BCBG Max Azria’s menswear is following Hilfiger’s former path toward the glitter-loving free spender. Though his fashion-forward collection was bolstered by sharply tailored peacoats, leather blazers and suede shirts, the Lurex-shot suits and separates were like strobe lights that blinded you to the lower-wattage looks.

The broad selection of outerwear--from waist-skimming bombers to three-quarter-length leather, shearling or wide-wale corduroy coats--showed that the Los Angeles-based designer clearly appreciates climates other than his own. He also offered men cranberry as a fresh addition to the season’s emphasis on classic black, camel, olive and chocolate brown.

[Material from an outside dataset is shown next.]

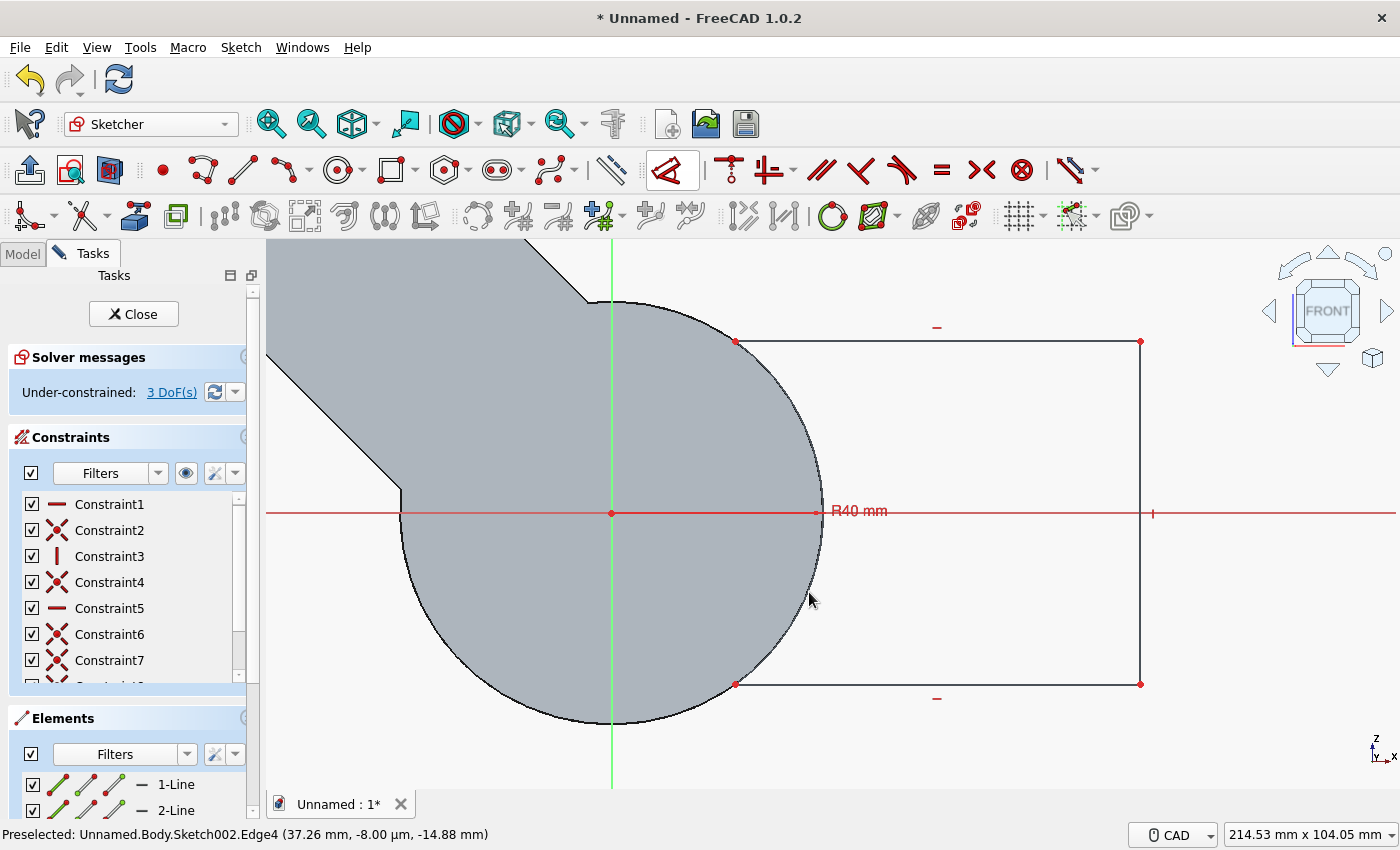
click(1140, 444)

L.A.’s Private Circle, designed by Q (short for Qamilla Carlsson), debuted under the Bryant Park tents with a strong collection of men’s and women’s contemporary sportswear often cut from the same fabrics but with distinct identities. R. Scott French’s new women’s wear line also shared looks from the men’s, but his men appeared emasculated (blame those silly, short suit jackets and wimpy corduroys), while the women looked strong and smart in their tweed pants and graphic sweaters.

Choosing what to wear shouldn’t be difficult come fall. Though the looks may seem disparate, many emphasized the three-quarter-length coat, typically in camel with cashmere turtleneck sweaters and, unfortunately, new, shorter and boxy suit jackets that recall schoolboys who have just outgrown their Sunday best. Grown men, however, still have plenty of options. Now the question is: Will they have the cash?